Roary
Roary copied to clipboard
Roary grouping nearby dissimilar genes into the same group
Hi, I am trying to build the pan genome for ~200 environmental E. coli isolates. MG1655 was included in the data set for reference. I found Roary has a tendency to cluster near by genes into the same group. This is probably due to the use of syntany information. But the problem is a lot of the time those gene are very dissimilar to each other.
You can see here in the gene_presence_absence.csv file, for MG1655(U00096.3), JKMANJED_00365 and JKMANJED_00366 are put in the tauC group.
But the gff file from prokka showes that JKMANJED_00366 is annotated as tauD.
And their sequence alignment is very different from each other.

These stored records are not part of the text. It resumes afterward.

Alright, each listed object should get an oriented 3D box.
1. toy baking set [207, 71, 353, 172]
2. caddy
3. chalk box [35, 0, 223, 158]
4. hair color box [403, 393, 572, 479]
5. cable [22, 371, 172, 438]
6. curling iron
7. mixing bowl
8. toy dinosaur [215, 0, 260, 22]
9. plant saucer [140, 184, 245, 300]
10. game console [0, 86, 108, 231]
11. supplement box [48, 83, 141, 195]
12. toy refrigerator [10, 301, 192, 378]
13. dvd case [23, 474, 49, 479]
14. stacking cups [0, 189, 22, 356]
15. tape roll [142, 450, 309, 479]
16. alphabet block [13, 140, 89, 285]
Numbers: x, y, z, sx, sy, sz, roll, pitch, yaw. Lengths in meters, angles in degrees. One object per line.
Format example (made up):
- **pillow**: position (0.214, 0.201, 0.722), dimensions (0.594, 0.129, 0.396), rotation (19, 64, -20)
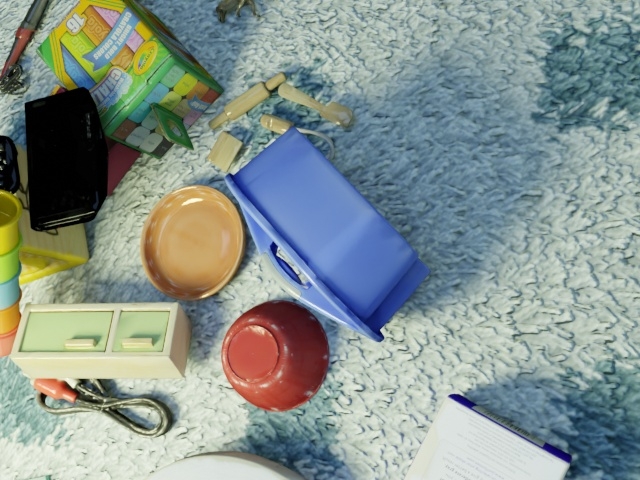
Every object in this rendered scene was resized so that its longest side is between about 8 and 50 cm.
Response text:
- **toy baking set**: position (-0.074, -0.182, 1.342), dimensions (0.256, 0.030, 0.196), rotation (-36, 74, 14)
- **caddy**: position (0.000, 0.000, 1.169), dimensions (0.179, 0.241, 0.341), rotation (-43, 69, 2)
- **chalk box**: position (-0.307, -0.272, 1.363), dimensions (0.179, 0.180, 0.289), rotation (-46, 70, 8)
- **hair color box**: position (0.188, 0.406, 1.097), dimensions (0.185, 0.110, 0.339), rotation (27, 89, 21)
- **cable**: position (-0.393, 0.271, 1.354), dimensions (0.287, 0.072, 0.139), rotation (30, 84, 24)
- **curling iron**: position (-0.569, -0.408, 1.562), dimensions (0.068, 0.035, 0.274), rotation (23, 90, 18)
- **mixing bowl**: position (-0.087, 0.180, 1.245), dimensions (0.181, 0.098, 0.181), rotation (-3, 81, 20)
- **toy dinosaur**: position (-0.118, -0.454, 1.390), dimensions (0.092, 0.053, 0.183), rotation (42, 97, 23)
- **plant saucer**: position (-0.215, 0.005, 1.355), dimensions (0.200, 0.037, 0.200), rotation (-4, 80, 21)
- **game console**: position (-0.506, -0.107, 1.281), dimensions (0.361, 0.044, 0.213), rotation (-12, 76, 16)
- **supplement box**: position (-0.433, -0.183, 1.446), dimensions (0.188, 0.081, 0.104), rotation (42, 96, 21)
- **toy refrigerator**: position (-0.359, 0.164, 1.309), dimensions (0.270, 0.094, 0.102), rotation (-1, 58, 8)
- **dvd case**: position (-0.528, 0.470, 1.406), dimensions (0.119, 0.013, 0.087), rotation (-15, 76, 19)
- **stacking cups**: position (-0.526, 0.061, 1.272), dimensions (0.096, 0.096, 0.316), rotation (40, 137, 22)
- **tape roll**: position (-0.149, 0.512, 1.176), dimensions (0.392, 0.072, 0.392), rotation (-1, 82, 6)
- **alphabet block**: position (-0.556, -0.040, 1.411), dimensions (0.193, 0.192, 0.197), rotation (-19, 76, 19)
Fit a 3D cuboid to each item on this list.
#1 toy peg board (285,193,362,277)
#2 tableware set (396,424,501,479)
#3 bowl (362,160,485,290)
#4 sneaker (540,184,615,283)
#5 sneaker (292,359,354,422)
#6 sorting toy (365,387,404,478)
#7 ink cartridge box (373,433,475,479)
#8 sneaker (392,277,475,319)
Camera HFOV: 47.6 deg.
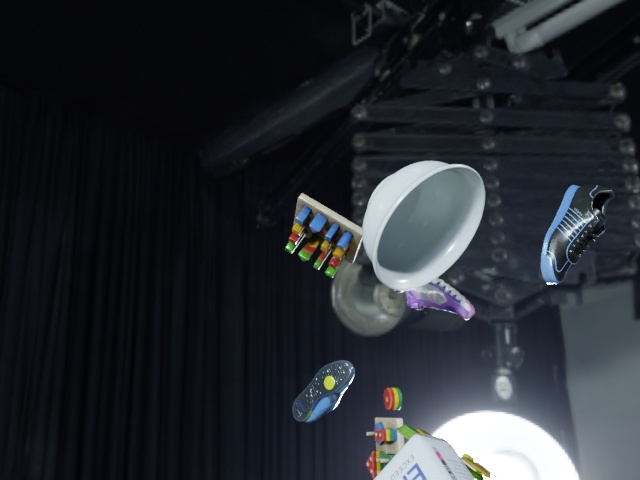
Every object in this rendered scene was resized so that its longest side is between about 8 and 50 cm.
[{"bbox_3d":[0.000,0.000,1.590,0.161,0.079,0.160,30,-23,7],"label":"toy peg board"},{"bbox_3d":[0.171,0.295,0.993,0.154,0.024,0.104,32,-1,-41],"label":"tableware set"},{"bbox_3d":[0.191,-0.053,1.518,0.298,0.134,0.297,-24,-45,-26],"label":"bowl"},{"bbox_3d":[0.529,-0.015,1.491,0.081,0.232,0.091,34,-18,-36],"label":"sneaker"},{"bbox_3d":[0.021,0.349,1.688,0.082,0.069,0.209,12,-52,-42],"label":"sneaker"},{"bbox_3d":[0.131,0.449,1.520,0.046,0.274,0.132,1,-13,-16],"label":"sorting toy"},{"bbox_3d":[0.083,0.411,0.667,0.071,0.330,0.324,25,-70,-37],"label":"ink cartridge box"},{"bbox_3d":[0.273,0.139,1.819,0.236,0.104,0.095,34,-1,29],"label":"sneaker"}]
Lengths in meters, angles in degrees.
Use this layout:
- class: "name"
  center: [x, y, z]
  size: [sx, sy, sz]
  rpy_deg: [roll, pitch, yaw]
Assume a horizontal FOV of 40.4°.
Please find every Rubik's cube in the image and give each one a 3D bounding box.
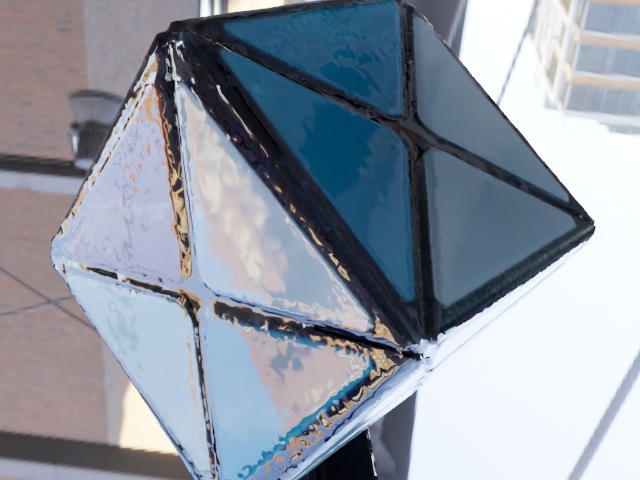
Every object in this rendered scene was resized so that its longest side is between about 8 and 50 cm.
- class: "Rubik's cube"
  center: [0.000, 0.000, 0.620]
  size: [0.248, 0.250, 0.246]
  rpy_deg: [51, -139, 12]

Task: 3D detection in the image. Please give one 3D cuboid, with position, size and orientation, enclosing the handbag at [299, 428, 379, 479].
- class: "handbag"
  center: [-0.045, 0.264, 0.971]
  size: [0.118, 0.269, 0.325]
  rpy_deg: [16, -144, -18]

The minimum percentage identity for blastp was set at 90% for Roary, so it should be able to split these two entries.
In addition, the tauC/tauD pair are clearly separated in most of other strains (only showing 2 of them here).
The tauD gene in MG1655(JKMANJED_00366) and ERR3062275 (DIFMKJME_03605) align very well with 96.8% identity.
It is also interesting that if only use 10 samples + MG1655, tauD and tauC are separated by the software. Is there any way to fix this issue? Or any ideas on what might cause this problem? I really appreciate the help.
I have met the same problem T_T Is it possible to know what the cause of this is.